For reference, training the VGG16 model uses ~6G of memory in the Titan Xp. Training (and inference) could be performed with less powerful devices using smaller network architectures (ZF, VGG_CNN_M_1024).
- Clone the Faster R-CNN repository
# Make sure to clone with --recursive
git clone --recursive https://github.com/cguindel/lsi-faster-rcnn.git
The --recursive
flag allows to automatically clone the caffe-fast-rcnn
submodule. I use my own fork of the official repository. I try to keep it updated with the upstream Caffe repository as far as possible; that is specially relevant when major changes are introduced in some dependency (e.g. cuDNN).
- We'll call the directory that you cloned Faster R-CNN into
FRCN_ROOT
Ignore notes 1 and 2 if you followed step 1 above.
Note 1: If you didn't clone Faster R-CNN with the --recursive
flag, then you'll need to manually clone the caffe-fast-rcnn
submodule:
git submodule update --init --recursive
Note 2: My caffe-fast-rcnn
submodule is expected to be on the lsi-faster-rcnn
branch. This will happen automatically if you followed step 1 instructions.

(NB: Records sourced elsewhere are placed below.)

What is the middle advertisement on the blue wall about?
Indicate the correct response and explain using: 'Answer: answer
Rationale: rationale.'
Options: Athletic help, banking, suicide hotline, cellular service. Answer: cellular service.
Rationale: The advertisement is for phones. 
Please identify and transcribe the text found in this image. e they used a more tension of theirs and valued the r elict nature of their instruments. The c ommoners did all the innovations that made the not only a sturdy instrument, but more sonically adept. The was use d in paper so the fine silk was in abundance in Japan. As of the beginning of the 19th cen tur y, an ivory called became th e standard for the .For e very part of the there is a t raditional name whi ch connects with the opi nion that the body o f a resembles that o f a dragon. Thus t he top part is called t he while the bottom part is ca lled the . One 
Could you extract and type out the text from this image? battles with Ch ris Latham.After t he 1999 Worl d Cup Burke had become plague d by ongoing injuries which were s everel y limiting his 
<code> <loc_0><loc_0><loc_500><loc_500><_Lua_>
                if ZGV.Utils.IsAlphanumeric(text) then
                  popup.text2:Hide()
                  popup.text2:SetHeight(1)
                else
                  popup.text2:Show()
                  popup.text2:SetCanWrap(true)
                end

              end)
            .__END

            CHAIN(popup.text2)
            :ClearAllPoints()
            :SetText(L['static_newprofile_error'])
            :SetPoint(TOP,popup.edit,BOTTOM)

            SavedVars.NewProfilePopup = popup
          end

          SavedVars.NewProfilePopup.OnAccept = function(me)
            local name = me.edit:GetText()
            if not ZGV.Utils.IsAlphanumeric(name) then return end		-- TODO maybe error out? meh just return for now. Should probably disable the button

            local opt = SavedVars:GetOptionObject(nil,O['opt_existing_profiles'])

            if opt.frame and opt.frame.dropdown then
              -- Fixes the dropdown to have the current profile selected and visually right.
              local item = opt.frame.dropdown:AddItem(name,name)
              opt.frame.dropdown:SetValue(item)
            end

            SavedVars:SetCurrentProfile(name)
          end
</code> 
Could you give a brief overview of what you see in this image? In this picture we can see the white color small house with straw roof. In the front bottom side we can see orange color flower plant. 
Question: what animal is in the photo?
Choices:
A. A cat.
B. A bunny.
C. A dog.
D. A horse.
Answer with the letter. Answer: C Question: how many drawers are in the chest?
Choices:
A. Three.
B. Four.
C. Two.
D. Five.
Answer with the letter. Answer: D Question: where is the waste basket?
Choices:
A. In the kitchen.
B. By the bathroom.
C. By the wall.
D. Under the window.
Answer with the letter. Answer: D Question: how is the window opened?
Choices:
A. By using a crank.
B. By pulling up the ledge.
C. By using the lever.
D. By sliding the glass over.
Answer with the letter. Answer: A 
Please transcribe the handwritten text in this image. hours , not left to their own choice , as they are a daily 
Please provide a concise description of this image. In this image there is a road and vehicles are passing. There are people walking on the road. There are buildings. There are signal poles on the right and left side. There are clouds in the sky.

- Edit the line 141 of lib/setup.py to reflect the CUDA compute capability of your GPU. This can be made with an editor (e.g. gedit):
cd $FRCN_ROOT/lib
gedit setup.py
The line to be edited is the arch
flag. For example, for the Titan X Pascal, the following should be writen:
extra_compile_args={'gcc': ["-Wno-unused-function"],
'nvcc': ['-arch=sm_61',
'--ptxas-options=-v',
'-c',
'--compiler-options',
"'-fPIC'"]},
Then, build the Cython modules.
cd $FRCN_ROOT/lib
make
- Build Caffe and pycaffe
cd $FRCN_ROOT/caffe-fast-rcnn
# Now follow the Caffe installation instructions here:
# http://caffe.berkeleyvision.org/installation.html
# If you're experienced with Caffe and have all of the requirements installed
# and your Makefile.config in place, then simply do:
make -j8 && make pycaffe
- If you want to run our demo, please download the trained models:
cd $FRCN_ROOT
./data/scripts/fetch_lsi_models.sh
This will populate the $FRCN_ROOT/data
folder with lsi_models
. These models were trained on KITTI.
- Our demo also requires to found the KITTI object dataset in
$FRCN_ROOT/data/kitti/images
. You will need to download the dataset from their site and then create a symbolic link to$FRCN_ROOT/data/kitti/images
:
ln -s $PATH_TO_OBJECT_KITTI_DATASET $FRCN_ROOT/data/kitti/images
Please note that PATH_TO_OBJECT_KITTI_DATASET
must contain, at least, the testing
folder with the left color images (image_2
) in it.
After successfully completing basic installation, you'll be ready to run the demo.
To run the demo
cd $FRCN_ROOT
./tools/demo_viewp.py
The demo performs Faster R-CNN detection and viewpoint inference using a VGG16 network trained for detection on the KITTI Object Detection Dataset.